-- Exercise --
Filter this data down to the lines that hold "evaluate", and copy them.

-- Exercise material --
------------------------------------------------
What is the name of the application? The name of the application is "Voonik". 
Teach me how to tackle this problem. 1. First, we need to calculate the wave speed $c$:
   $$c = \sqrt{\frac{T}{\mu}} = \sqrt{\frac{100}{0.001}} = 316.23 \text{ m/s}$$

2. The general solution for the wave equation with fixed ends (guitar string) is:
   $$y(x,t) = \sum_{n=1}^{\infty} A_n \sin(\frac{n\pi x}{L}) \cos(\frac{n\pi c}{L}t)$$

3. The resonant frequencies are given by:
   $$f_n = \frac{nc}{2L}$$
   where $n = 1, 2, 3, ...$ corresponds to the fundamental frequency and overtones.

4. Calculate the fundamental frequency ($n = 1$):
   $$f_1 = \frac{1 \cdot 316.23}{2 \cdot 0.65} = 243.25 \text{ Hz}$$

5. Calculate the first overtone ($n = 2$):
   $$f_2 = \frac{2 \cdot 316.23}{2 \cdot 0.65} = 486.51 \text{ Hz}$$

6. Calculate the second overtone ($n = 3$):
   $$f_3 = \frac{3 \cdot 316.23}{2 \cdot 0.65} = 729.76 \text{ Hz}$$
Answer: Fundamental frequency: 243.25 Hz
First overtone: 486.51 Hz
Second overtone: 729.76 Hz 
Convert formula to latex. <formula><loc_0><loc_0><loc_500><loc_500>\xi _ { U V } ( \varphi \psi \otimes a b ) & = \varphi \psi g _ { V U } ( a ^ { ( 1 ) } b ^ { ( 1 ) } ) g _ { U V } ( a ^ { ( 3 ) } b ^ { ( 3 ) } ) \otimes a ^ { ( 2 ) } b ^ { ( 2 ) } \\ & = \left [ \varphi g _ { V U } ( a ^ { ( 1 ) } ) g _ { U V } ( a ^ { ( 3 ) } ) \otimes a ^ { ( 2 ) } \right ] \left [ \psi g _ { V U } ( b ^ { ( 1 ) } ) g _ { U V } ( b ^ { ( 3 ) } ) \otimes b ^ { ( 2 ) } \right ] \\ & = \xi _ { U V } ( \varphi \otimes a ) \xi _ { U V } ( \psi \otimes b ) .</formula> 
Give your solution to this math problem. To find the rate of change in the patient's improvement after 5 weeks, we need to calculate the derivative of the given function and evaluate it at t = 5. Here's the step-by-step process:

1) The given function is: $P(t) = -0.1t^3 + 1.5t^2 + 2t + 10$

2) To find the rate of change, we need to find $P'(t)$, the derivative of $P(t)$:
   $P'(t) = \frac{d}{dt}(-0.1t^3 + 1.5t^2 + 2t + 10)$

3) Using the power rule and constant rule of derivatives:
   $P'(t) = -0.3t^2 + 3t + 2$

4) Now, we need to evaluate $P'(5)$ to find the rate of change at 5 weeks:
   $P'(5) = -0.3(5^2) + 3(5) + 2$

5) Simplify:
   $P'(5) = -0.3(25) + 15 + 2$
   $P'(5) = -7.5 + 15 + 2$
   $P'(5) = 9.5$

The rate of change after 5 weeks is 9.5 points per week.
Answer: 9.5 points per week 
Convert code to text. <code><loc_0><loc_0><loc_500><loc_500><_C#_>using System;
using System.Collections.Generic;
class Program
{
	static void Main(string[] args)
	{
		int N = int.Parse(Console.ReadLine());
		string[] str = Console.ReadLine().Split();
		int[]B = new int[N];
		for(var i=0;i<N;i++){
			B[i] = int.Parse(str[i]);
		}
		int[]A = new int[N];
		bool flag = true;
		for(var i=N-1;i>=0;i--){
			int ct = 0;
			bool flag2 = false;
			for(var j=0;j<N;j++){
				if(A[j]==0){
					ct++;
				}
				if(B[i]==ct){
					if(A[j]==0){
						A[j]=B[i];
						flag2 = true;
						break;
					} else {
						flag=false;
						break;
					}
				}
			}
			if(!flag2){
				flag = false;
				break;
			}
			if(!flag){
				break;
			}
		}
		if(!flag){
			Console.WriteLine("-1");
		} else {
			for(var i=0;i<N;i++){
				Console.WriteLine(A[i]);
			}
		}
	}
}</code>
------------------------------------------------
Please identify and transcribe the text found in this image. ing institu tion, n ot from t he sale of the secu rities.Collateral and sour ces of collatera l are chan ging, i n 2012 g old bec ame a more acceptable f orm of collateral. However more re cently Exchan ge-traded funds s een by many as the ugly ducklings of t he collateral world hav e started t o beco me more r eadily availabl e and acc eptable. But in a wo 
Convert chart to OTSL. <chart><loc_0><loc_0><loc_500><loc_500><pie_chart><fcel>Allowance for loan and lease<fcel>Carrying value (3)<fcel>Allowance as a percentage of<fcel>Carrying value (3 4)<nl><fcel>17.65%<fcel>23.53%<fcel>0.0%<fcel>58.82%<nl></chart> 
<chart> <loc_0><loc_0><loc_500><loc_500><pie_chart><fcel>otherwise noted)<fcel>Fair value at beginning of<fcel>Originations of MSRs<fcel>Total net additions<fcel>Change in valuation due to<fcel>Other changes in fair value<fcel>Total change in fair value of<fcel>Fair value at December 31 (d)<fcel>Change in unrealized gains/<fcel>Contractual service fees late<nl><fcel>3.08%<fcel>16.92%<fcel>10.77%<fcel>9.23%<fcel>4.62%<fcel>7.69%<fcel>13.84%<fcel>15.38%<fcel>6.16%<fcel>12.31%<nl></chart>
------------------------------------------------
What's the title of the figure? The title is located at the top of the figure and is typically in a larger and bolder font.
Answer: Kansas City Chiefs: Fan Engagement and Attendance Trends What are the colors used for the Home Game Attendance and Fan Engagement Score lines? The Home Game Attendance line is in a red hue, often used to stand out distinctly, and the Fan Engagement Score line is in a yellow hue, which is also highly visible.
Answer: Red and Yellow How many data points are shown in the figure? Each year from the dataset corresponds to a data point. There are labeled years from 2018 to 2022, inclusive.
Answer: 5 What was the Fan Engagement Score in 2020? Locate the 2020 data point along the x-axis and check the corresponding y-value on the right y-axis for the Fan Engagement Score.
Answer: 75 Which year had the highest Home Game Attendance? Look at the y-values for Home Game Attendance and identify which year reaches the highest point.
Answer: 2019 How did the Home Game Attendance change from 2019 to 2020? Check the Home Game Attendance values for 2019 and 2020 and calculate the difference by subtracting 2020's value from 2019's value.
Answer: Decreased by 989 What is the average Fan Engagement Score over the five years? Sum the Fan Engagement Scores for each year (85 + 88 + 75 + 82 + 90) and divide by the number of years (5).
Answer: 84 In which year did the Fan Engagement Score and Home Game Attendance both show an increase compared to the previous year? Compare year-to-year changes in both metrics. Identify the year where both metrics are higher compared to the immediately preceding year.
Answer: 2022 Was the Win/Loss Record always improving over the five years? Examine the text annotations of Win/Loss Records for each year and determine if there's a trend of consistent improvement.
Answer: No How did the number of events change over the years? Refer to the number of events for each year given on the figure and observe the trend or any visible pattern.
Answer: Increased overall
------------------------------------------------
-- Task output --
Give your solution to this math problem. To find the rate of change in the patient's improvement after 5 weeks, we need to calculate the derivative of the given function and evaluate it at t = 5. Here's the step-by-step process:
4) Now, we need to evaluate $P'(5)$ to find the rate of change at 5 weeks:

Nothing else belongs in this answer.